The impetus for the new study was researchers’ confusion over why the U.S. maternal mortality rate was so high compared with other high-income nations, said Cande Ananth, a senior author of the study and chief of epidemiology and biostatistics at Rutgers Robert Wood Johnson Medical School. The authors said U.S. maternal mortality is actually comparable to that of Canada and Britain. Even with the adjusted rate, however, the U.S. rate would remain higher than most peer nations.

The authors decided to ignore the checkbox and count only deaths that listed a cause related to pregnancy.

Under the new criteria, researchers found that the mortality rates were 10.2 per 100,000 live births from 1999 to 2002 and 10.4 from 2018 to 2021. In contrast, the National Vital Statistics System method produced a mortality rate of 9.65 from 1999 to 2002 and 23.6 from 2018 to 2021.

An agency spokesman declined to comment on the new study and instead pointed to its own 2018 report.

In that report, the National Vital Statistics System reviewed several studies that found the pregnancy-and-birth checkbox was being used in error, particularly for people ages 45 and older. At that time, the agency’s report said that without the checkbox, the rate for maternal mortality would have remained flat since 2002.

To correct for misuse of the checkbox, the agency changed the way it counted deaths. It stopped classifying deaths as pregnancy-related for people over age 44 unless there was a specific cause of death tied to pregnancy or delivery.
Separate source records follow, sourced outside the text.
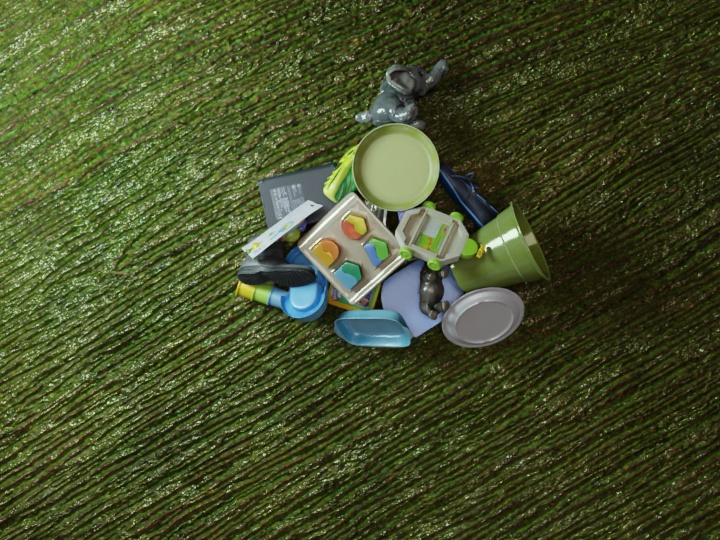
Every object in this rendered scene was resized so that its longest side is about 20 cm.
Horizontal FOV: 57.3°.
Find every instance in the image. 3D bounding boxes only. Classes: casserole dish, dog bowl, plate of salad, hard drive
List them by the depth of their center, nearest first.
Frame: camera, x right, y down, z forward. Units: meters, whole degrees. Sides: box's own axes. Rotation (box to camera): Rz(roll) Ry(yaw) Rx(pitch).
[{"bbox_3d":[0.290,0.108,1.571,0.200,0.048,0.200,-5,132,-5],"label":"plate of salad"},{"bbox_3d":[0.032,0.135,1.573,0.200,0.121,0.039,-1,51,26],"label":"casserole dish"},{"bbox_3d":[-0.127,0.032,1.576,0.111,0.050,0.200,-7,59,15],"label":"dog bowl"},{"bbox_3d":[-0.140,-0.176,1.623,0.200,0.033,0.140,-12,90,2],"label":"hard drive"}]

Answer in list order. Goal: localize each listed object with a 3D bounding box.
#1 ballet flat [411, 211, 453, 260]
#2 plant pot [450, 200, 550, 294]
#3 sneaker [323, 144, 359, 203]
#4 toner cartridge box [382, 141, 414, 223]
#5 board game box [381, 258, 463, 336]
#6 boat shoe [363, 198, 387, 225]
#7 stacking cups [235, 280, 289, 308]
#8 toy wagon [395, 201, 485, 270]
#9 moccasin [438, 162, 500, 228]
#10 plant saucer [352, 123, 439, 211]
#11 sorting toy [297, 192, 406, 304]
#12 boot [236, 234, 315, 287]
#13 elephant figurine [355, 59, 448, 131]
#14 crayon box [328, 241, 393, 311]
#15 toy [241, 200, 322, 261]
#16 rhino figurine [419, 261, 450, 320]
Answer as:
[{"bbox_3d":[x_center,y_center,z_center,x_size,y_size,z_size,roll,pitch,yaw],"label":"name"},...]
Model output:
[{"bbox_3d":[0.156,-0.074,1.609,0.200,0.067,0.064,-28,117,3],"label":"ballet flat"},{"bbox_3d":[0.313,-0.030,1.540,0.190,0.200,0.200,-27,90,21],"label":"plant pot"},{"bbox_3d":[-0.011,-0.239,1.596,0.200,0.074,0.084,-52,120,-16],"label":"sneaker"},{"bbox_3d":[0.096,-0.201,1.585,0.043,0.095,0.200,-13,90,2],"label":"toner cartridge box"},{"bbox_3d":[0.150,0.061,1.617,0.200,0.039,0.158,-33,83,0],"label":"board game box"},{"bbox_3d":[0.036,-0.149,1.599,0.060,0.072,0.202,3,95,-3],"label":"boat shoe"},{"bbox_3d":[-0.204,0.071,1.620,0.200,0.061,0.061,21,91,-1],"label":"stacking cups"},{"bbox_3d":[0.181,-0.069,1.484,0.200,0.040,0.155,23,59,10],"label":"toy wagon"},{"bbox_3d":[0.259,-0.188,1.598,0.068,0.080,0.200,-42,104,-2],"label":"moccasin"},{"bbox_3d":[0.081,-0.237,1.523,0.200,0.031,0.200,0,92,3],"label":"plant saucer"},{"bbox_3d":[-0.019,-0.048,1.509,0.185,0.036,0.200,-42,92,12],"label":"sorting toy"},{"bbox_3d":[-0.192,-0.034,1.570,0.200,0.070,0.132,3,54,14],"label":"boot"},{"bbox_3d":[0.104,-0.431,1.579,0.141,0.155,0.200,2,77,44],"label":"elephant figurine"},{"bbox_3d":[0.000,0.000,1.577,0.119,0.058,0.200,18,110,5],"label":"crayon box"},{"bbox_3d":[-0.176,-0.086,1.543,0.200,0.115,0.047,-35,113,-12],"label":"toy"},{"bbox_3d":[0.170,0.016,1.555,0.060,0.087,0.200,1,87,-13],"label":"rhino figurine"}]
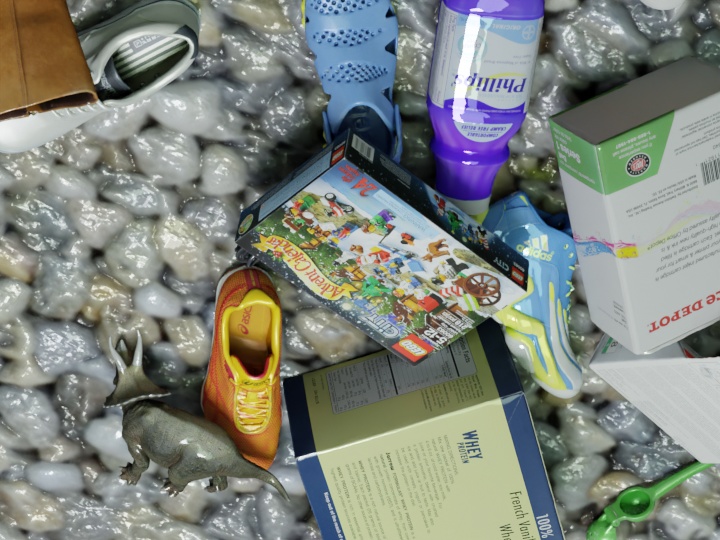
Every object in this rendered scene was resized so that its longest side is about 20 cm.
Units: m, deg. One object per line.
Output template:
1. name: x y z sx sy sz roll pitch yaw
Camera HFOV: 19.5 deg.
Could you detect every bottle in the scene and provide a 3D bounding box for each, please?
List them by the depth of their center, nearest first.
1. bottle: 0.095 -0.144 1.697 0.083 0.065 0.201 3 117 -11

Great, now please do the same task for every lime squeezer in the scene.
1. lime squeezer: 0.253 0.235 1.931 0.070 0.038 0.200 29 109 -21

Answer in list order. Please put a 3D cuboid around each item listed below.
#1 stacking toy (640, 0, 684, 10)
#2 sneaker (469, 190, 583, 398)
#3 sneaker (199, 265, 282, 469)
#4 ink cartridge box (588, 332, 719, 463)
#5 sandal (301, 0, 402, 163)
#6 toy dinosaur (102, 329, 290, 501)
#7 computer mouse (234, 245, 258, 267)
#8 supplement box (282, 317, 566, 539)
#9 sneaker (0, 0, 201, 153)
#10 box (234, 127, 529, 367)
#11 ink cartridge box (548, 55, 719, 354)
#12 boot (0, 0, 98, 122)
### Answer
1. stacking toy: 0.197 -0.266 1.633 0.146 0.146 0.200 -37 133 11
2. sneaker: 0.158 0.016 1.784 0.105 0.076 0.200 -33 116 9
3. sneaker: -0.100 0.095 1.790 0.073 0.077 0.201 -5 119 -7
4. ink cartridge box: 0.315 0.105 1.793 0.161 0.200 0.050 40 65 -23
5. sandal: -0.001 -0.149 1.672 0.079 0.087 0.201 -11 116 1
6. toy dinosaur: -0.152 0.149 1.780 0.200 0.077 0.102 36 150 8
7. computer mouse: 0.000 0.000 1.770 0.200 0.044 0.110 36 111 -24
8. supplement box: 0.059 0.179 1.820 0.199 0.134 0.201 -17 118 2
9. sneaker: -0.215 -0.151 1.648 0.200 0.071 0.073 -32 117 9
10. box: 0.018 -0.015 1.690 0.200 0.038 0.136 35 130 -24
11. ink cartridge box: 0.251 -0.053 1.735 0.144 0.084 0.201 -24 119 -17
12. boot: -0.303 -0.198 1.559 0.188 0.068 0.201 -8 78 -14
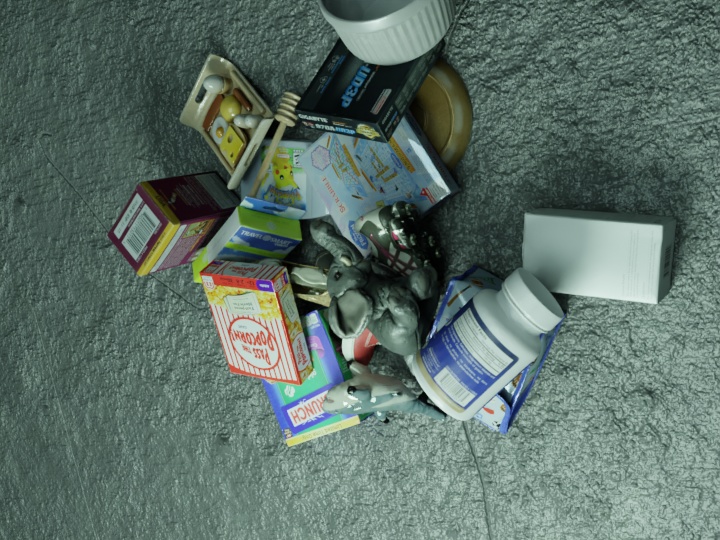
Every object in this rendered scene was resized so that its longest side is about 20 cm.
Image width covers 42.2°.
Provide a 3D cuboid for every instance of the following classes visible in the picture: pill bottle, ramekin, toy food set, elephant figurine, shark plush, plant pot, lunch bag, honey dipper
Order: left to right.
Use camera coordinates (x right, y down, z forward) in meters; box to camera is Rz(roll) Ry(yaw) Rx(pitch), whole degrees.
[{"bbox_3d":[-0.234,-0.255,1.591,0.201,0.060,0.144,52,123,34],"label":"toy food set"},{"bbox_3d":[-0.147,-0.196,1.540,0.038,0.038,0.203,20,84,26],"label":"honey dipper"},{"bbox_3d":[0.009,0.037,1.370,0.197,0.142,0.157,12,67,21],"label":"elephant figurine"},{"bbox_3d":[0.040,0.210,1.520,0.091,0.197,0.084,-116,38,-60],"label":"shark plush"},{"bbox_3d":[0.045,-0.391,1.345,0.197,0.105,0.203,-13,52,17],"label":"ramekin"},{"bbox_3d":[0.079,-0.235,1.450,0.197,0.027,0.204,7,103,29],"label":"plant pot"},{"bbox_3d":[0.186,0.125,1.402,0.169,0.123,0.202,30,114,21],"label":"lunch bag"},{"bbox_3d":[0.176,0.097,1.274,0.200,0.119,0.120,-46,76,19],"label":"pill bottle"}]

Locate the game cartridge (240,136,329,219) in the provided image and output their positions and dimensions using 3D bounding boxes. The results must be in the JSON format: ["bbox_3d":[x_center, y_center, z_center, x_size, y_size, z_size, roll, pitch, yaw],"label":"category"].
[{"bbox_3d":[-0.122,-0.156,1.584,0.197,0.040,0.136,8,108,30],"label":"game cartridge"}]

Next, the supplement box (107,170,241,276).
[{"bbox_3d":[-0.315,-0.086,1.617,0.103,0.199,0.131,48,119,14],"label":"supplement box"}]

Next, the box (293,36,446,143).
[{"bbox_3d":[0.014,-0.289,1.388,0.157,0.046,0.202,16,66,34],"label":"box"}]

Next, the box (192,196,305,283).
[{"bbox_3d":[-0.188,-0.040,1.576,0.200,0.120,0.048,-44,47,41],"label":"box"}]

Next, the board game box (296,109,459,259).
[{"bbox_3d":[0.024,-0.151,1.457,0.199,0.041,0.202,-35,81,29],"label":"board game box"}]

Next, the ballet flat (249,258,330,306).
[{"bbox_3d":[-0.116,0.009,1.523,0.197,0.066,0.071,8,63,14],"label":"ballet flat"}]

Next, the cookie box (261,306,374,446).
[{"bbox_3d":[-0.083,0.180,1.607,0.170,0.075,0.203,-23,89,32],"label":"cookie box"}]

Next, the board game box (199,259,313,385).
[{"bbox_3d":[-0.169,0.084,1.530,0.149,0.046,0.203,5,123,32],"label":"board game box"}]

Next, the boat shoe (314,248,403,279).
[{"bbox_3d":[0.000,0.000,1.529,0.197,0.057,0.068,13,107,28],"label":"boat shoe"}]

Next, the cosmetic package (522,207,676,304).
[{"bbox_3d":[0.331,-0.024,1.311,0.197,0.081,0.115,9,105,30],"label":"cosmetic package"}]

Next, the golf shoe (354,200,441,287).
[{"bbox_3d":[0.066,-0.030,1.426,0.087,0.078,0.201,-7,139,26],"label":"golf shoe"}]

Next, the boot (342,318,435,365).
[{"bbox_3d":[0.049,0.101,1.492,0.142,0.073,0.202,21,138,14],"label":"boot"}]
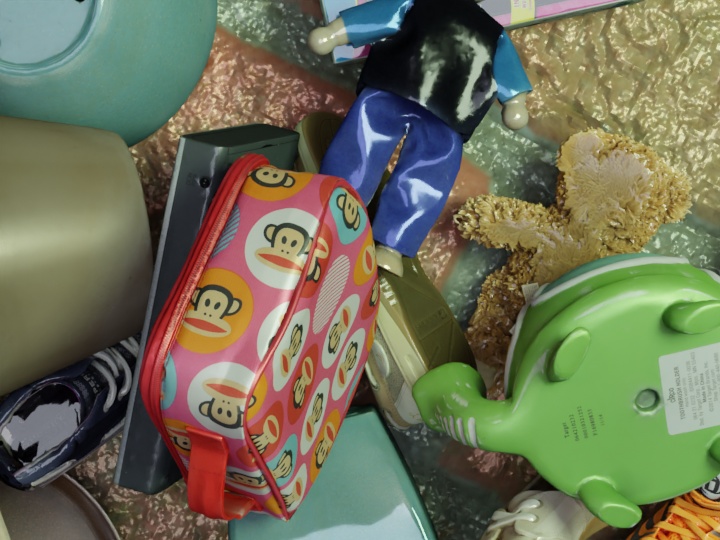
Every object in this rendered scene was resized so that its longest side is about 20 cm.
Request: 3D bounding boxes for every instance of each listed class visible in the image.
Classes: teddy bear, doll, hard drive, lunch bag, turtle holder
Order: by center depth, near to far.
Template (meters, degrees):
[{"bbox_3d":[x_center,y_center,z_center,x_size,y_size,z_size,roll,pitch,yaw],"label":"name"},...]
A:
[{"bbox_3d":[-0.053,0.053,0.937,0.082,0.200,0.177,16,66,13],"label":"lunch bag"},{"bbox_3d":[0.140,0.067,0.998,0.185,0.132,0.141,-40,110,10],"label":"turtle holder"},{"bbox_3d":[0.030,-0.104,1.005,0.136,0.048,0.201,25,89,-2],"label":"doll"},{"bbox_3d":[-0.087,0.018,1.007,0.033,0.140,0.201,15,101,13],"label":"hard drive"},{"bbox_3d":[0.126,0.005,1.090,0.144,0.067,0.201,10,103,7],"label":"teddy bear"}]

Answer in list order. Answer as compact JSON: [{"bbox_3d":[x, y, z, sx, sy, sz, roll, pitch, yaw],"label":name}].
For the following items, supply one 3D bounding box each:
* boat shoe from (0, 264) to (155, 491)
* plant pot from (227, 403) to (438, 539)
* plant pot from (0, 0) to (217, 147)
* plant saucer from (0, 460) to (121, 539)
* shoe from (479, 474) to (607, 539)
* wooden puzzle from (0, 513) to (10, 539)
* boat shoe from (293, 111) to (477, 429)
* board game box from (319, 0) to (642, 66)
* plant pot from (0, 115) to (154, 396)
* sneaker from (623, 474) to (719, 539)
[{"bbox_3d":[-0.148,0.060,1.056,0.075,0.093,0.200,45,82,-2],"label":"boat shoe"},{"bbox_3d":[-0.013,0.191,1.070,0.141,0.141,0.201,-14,89,0],"label":"plant pot"},{"bbox_3d":[-0.187,-0.161,1.023,0.199,0.135,0.201,0,96,-1],"label":"plant pot"},{"bbox_3d":[-0.244,0.208,1.117,0.199,0.032,0.201,0,96,-2],"label":"plant saucer"},{"bbox_3d":[0.105,0.151,1.045,0.070,0.200,0.054,-16,91,31],"label":"shoe"},{"bbox_3d":[-0.292,0.156,1.055,0.185,0.046,0.201,-32,65,19],"label":"wooden puzzle"},{"bbox_3d":[0.002,0.000,1.074,0.063,0.073,0.201,-29,89,37],"label":"boat shoe"},{"bbox_3d":[0.065,-0.216,1.057,0.199,0.064,0.148,-12,96,1],"label":"board game box"},{"bbox_3d":[-0.213,-0.010,0.969,0.173,0.200,0.201,-9,97,-20],"label":"plant pot"},{"bbox_3d":[0.191,0.155,1.046,0.077,0.112,0.200,33,59,27],"label":"sneaker"}]
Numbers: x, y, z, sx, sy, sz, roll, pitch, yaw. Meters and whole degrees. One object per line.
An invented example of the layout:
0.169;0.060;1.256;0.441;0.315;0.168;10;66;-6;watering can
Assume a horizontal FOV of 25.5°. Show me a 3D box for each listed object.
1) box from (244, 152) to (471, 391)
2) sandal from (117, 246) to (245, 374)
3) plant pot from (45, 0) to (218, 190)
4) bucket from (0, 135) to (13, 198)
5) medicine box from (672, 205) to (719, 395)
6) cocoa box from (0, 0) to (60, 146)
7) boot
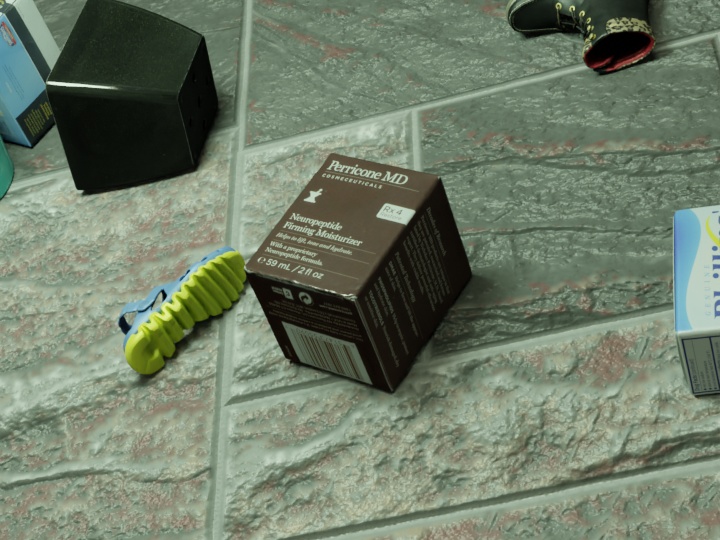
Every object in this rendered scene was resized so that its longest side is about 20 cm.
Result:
0.000;0.000;1.858;0.165;0.165;0.201;14;54;33;box
-0.230;0.037;1.991;0.199;0.080;0.087;-39;41;-18;sandal
-0.306;-0.244;2.223;0.175;0.201;0.201;4;48;13;plant pot
-0.610;-0.166;2.309;0.205;0.136;0.209;-11;44;11;bucket
0.437;0.023;1.692;0.198;0.103;0.183;-6;45;17;medicine box
-0.534;-0.307;2.367;0.132;0.201;0.132;16;55;35;cocoa box
0.297;-0.330;2.127;0.197;0.074;0.152;-10;44;7;boot
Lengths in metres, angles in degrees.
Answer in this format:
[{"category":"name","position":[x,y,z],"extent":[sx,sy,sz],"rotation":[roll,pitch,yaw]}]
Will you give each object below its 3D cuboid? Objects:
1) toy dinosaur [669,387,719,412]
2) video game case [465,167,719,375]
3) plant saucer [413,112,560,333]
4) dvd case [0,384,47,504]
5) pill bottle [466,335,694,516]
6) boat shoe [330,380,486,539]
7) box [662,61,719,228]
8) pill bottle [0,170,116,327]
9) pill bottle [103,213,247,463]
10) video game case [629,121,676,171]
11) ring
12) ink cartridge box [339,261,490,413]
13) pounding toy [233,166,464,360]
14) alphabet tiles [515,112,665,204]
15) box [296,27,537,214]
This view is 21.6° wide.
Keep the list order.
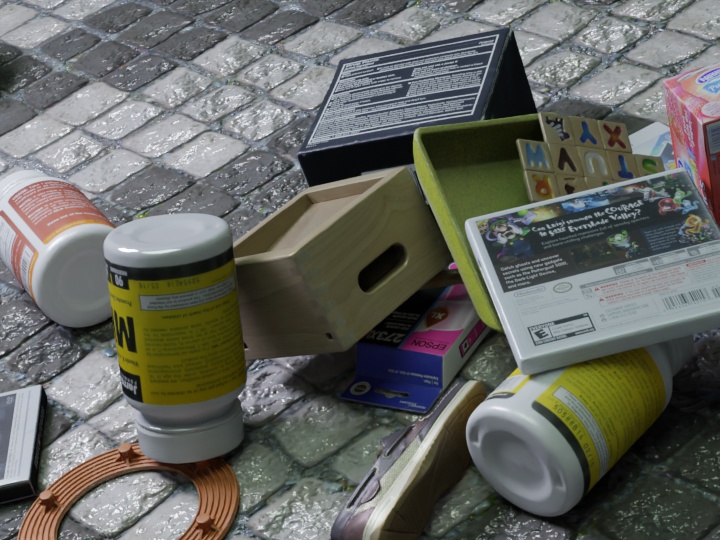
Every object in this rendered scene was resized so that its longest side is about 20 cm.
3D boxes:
[{"category":"toy dinosaur","position":[0.357,0.076,1.550],"extent":[0.200,0.105,0.182],"rotation":[2,54,8]},{"category":"video game case","position":[0.204,-0.002,1.563],"extent":[0.200,0.023,0.182],"rotation":[-14,42,-4]},{"category":"plant saucer","position":[0.142,-0.039,1.707],"extent":[0.199,0.200,0.048],"rotation":[-10,-18,-42]},{"category":"dvd case","position":[-0.394,0.178,1.760],"extent":[0.200,0.025,0.150],"rotation":[-13,32,3]},{"category":"pill bottle","position":[0.187,0.101,1.553],"extent":[0.111,0.111,0.200],"rotation":[17,45,40]},{"category":"boat shoe","position":[0.041,0.160,1.565],"extent":[0.065,0.072,0.200],"rotation":[12,47,28]},{"category":"box","position":[0.343,-0.082,1.679],"extent":[0.102,0.200,0.095],"rotation":[-19,33,-4]},{"category":"pill bottle","position":[-0.316,-0.030,1.958],"extent":[0.112,0.112,0.200],"rotation":[-26,35,-16]},{"category":"pill bottle","position":[-0.159,0.059,1.661],"extent":[0.114,0.200,0.114],"rotation":[-5,18,2]},{"category":"video game case","position":[0.280,-0.071,1.854],"extent":[0.182,0.022,0.200],"rotation":[-27,35,-17]},{"category":"ring","position":[-0.203,0.210,1.639],"extent":[0.200,0.019,0.201],"rotation":[-11,34,8]},{"category":"ink cartridge box","position":[0.065,0.053,1.748],"extent":[0.095,0.037,0.200],"rotation":[8,41,32]},{"category":"pounding toy","position":[0.000,0.000,1.730],"extent":[0.200,0.142,0.184],"rotation":[-39,18,-34]},{"category":"alphabet tiles","position":[0.225,-0.055,1.729],"extent":[0.166,0.006,0.200],"rotation":[5,60,-29]},{"category":"box","position":[0.065,-0.138,1.942],"extent":[0.200,0.123,0.199],"rotation":[-8,33,21]}]

But for those 44 or younger, the agency continued to classify every death with the box checked as being related to pregnancy or delivery, even if the specific cause of death was unrelated.

Despite the study’s conclusion that use of the checkbox led to excessively high calculations of maternal mortality, the National Vital Statistics System said in its 2018 report that it would continue to calculate rates from the checkbox to avoid undercounting maternal mortality.

Other experts say the new study can be helpful to expand the ways public health initiatives are targeted to yield better outcomes.

This is an opportunity to rethink how the nation tracks maternal health outcomes and create a better system to help identify problems and interventions, said Chiamaka Onwuzurike, medical director of the gynecology clinic at Brigham and Women’s Hospital and an instructor at Harvard Medical School who was not involved with the study. “If we keep our blinders up and think that things are working well and our systems are tracking things appropriately, what good does that really do us?”

In 2022, the White House released a blueprint to address the maternal health crisis, outlining federal actions and long-term goals for improvement. But the federal government needs to better track progress toward achieving these goals, according to a February report from the Government Accountability Office.

Examining indirect causes of maternal deaths, including mental health, can lead to policies and interventions aimed at minimizing the instances of non-obstetric causes of death, according to Amita Vyas, a professor in the department of prevention and community health and director of George Washington University’s Center of Excellence in Maternal and Child Health.

“When we think about maternal deaths, it’s not just in pregnancy or during childbirth,” Vyas said. “We lose the ability to design lifesaving interventions if we disregard other indirect pregnancy-related factors in the postpartum period.”